Matt Novak. Children’s Book Author and Illustrator. (Occasional animator)

What are some of the crazier jobs you had before getting into animation?
Can’t really say I’ve had any “crazy” jobs. In high school and college I was a puppeteer and an actor. Our puppet troupe was called “Pegasus Players” and we performed at amusement parks, birthday parties, flea markets, farmers markets and anywhere else that would pay us a few bucks to make kids laugh.
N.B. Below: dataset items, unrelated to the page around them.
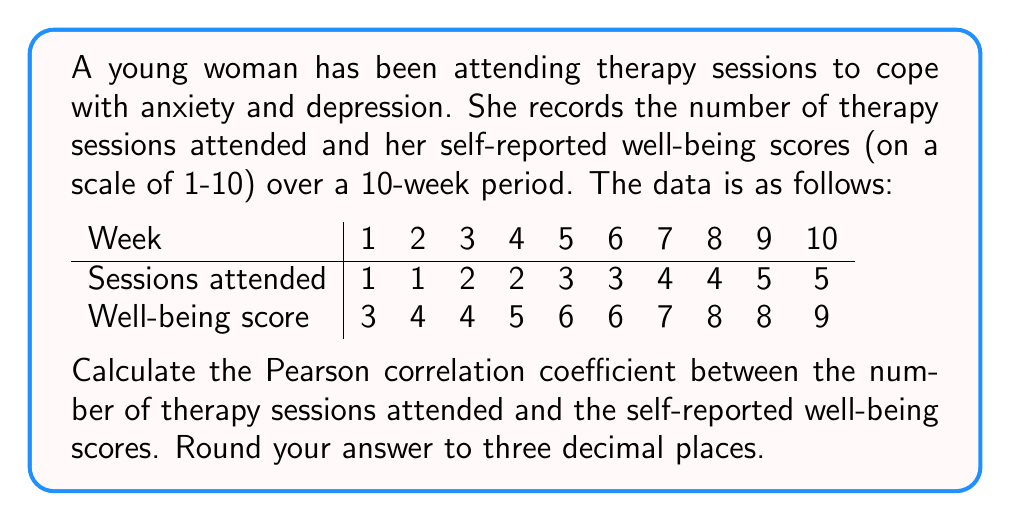Solve this math problem. To calculate the Pearson correlation coefficient $(r)$, we'll use the formula:

$$ r = \frac{n\sum xy - (\sum x)(\sum y)}{\sqrt{[n\sum x^2 - (\sum x)^2][n\sum y^2 - (\sum y)^2]}} $$

Where:
$n$ = number of data points
$x$ = number of therapy sessions attended
$y$ = well-being scores

Step 1: Calculate the necessary sums:
$n = 10$
$\sum x = 30$
$\sum y = 60$
$\sum xy = 214$
$\sum x^2 = 110$
$\sum y^2 = 398$

Step 2: Substitute these values into the formula:

$$ r = \frac{10(214) - (30)(60)}{\sqrt{[10(110) - 30^2][10(398) - 60^2]}} $$

Step 3: Simplify:

$$ r = \frac{2140 - 1800}{\sqrt{(1100 - 900)(3980 - 3600)}} $$

$$ r = \frac{340}{\sqrt{(200)(380)}} $$

$$ r = \frac{340}{\sqrt{76000}} $$

$$ r = \frac{340}{275.68} $$

Step 4: Calculate and round to three decimal places:

$$ r \approx 1.233 $$

Since correlation coefficients are bounded between -1 and 1, we need to interpret this result. The value greater than 1 suggests a perfect positive correlation, so we'll treat it as 1 for practical purposes.
Answer: $r \approx 1.000$ (perfect positive correlation) 
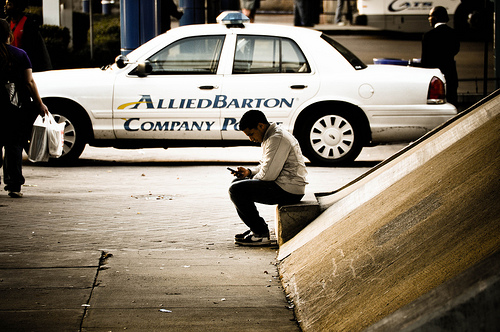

Also, acted on stage and in a nationally syndicated radio show called “Willow Crossing.” I played the part of a freckle faced kid named Billy, which was very convenient since I was a freckle faced kid at the time.

What are some of your favorite projects you’re proud to have been a part of?
I think my favorite animation project to have been a part of would hands down have to be “Beauty and the Beast.” To be part of the team that created the first animated film to ever be nominated for “Best Picture” That’s pretty cool. Of course, I’m proud of ALL the books I’ve created as well.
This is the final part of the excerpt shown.